Work task:
The whole listing below needs to be duplicated exactly, pictures aside.

Records for processing:

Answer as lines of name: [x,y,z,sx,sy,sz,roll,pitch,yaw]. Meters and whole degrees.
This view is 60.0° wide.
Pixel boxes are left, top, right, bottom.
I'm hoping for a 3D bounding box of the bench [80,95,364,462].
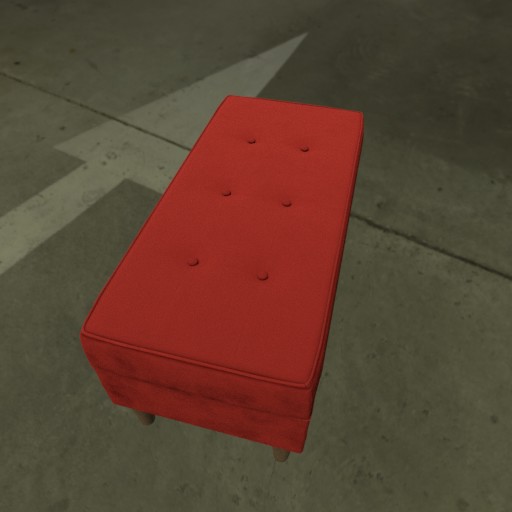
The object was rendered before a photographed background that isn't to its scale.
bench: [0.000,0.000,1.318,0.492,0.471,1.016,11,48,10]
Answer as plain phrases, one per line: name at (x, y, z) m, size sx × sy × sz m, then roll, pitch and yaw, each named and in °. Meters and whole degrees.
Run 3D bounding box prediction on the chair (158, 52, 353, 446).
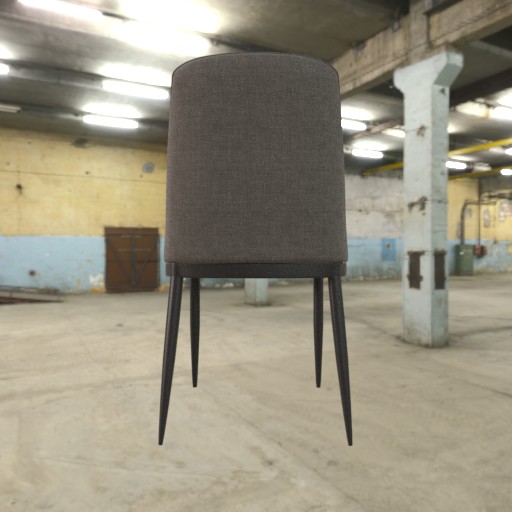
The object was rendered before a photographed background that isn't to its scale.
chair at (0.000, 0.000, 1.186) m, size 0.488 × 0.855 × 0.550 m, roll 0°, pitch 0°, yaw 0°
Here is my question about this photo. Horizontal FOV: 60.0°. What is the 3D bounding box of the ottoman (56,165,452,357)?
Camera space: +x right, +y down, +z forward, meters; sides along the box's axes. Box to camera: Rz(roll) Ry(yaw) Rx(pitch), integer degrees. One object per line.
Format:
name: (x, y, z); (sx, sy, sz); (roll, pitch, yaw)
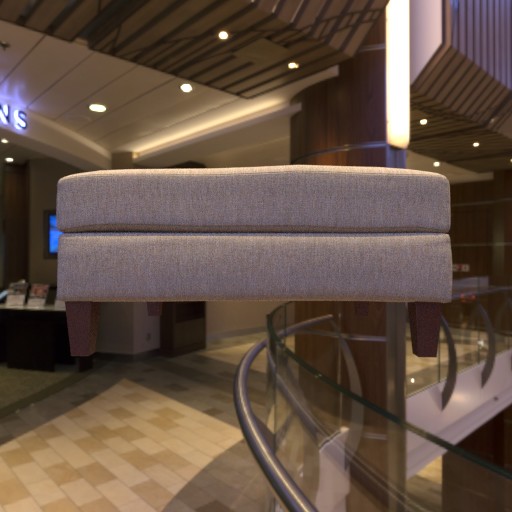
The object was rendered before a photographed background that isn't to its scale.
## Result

Reply to the task:
Answer as lines of name: [x,y,z,sx,sy,sz,roll,pitch,yaw]. Meters and whole degrees.
This view is 60.0° wide.
Pixel boxes are left, top, right, bottom.
I'm hoping for a 3D bounding box of the bench [80,95,364,462].
The object was rendered before a photographed background that isn't to its scale.
bench: [0.000,0.000,1.318,0.492,0.471,1.016,11,48,10]
Answer as plain phrases, one per line: name at (x, y, z) m, size sx × sy × sz m, then roll, pitch and yaw, each named and in °. Meters and whole degrees.
Run 3D bounding box prediction on the chair (158, 52, 353, 446).
The object was rendered before a photographed background that isn't to its scale.
chair at (0.000, 0.000, 1.186) m, size 0.488 × 0.855 × 0.550 m, roll 0°, pitch 0°, yaw 0°
Here is my question about this photo. Horizontal FOV: 60.0°. What is the 3D bounding box of the ottoman (56,165,452,357)?
Camera space: +x right, +y down, +z forward, meters; sides along the box's axes. Box to camera: Rz(roll) Ry(yaw) Rx(pitch), integer degrees. One object per line.
Format:
name: (x, y, z); (sx, sy, sz); (roll, pitch, yaw)
The object was rendered before a photographed background that isn't to its scale.
## Result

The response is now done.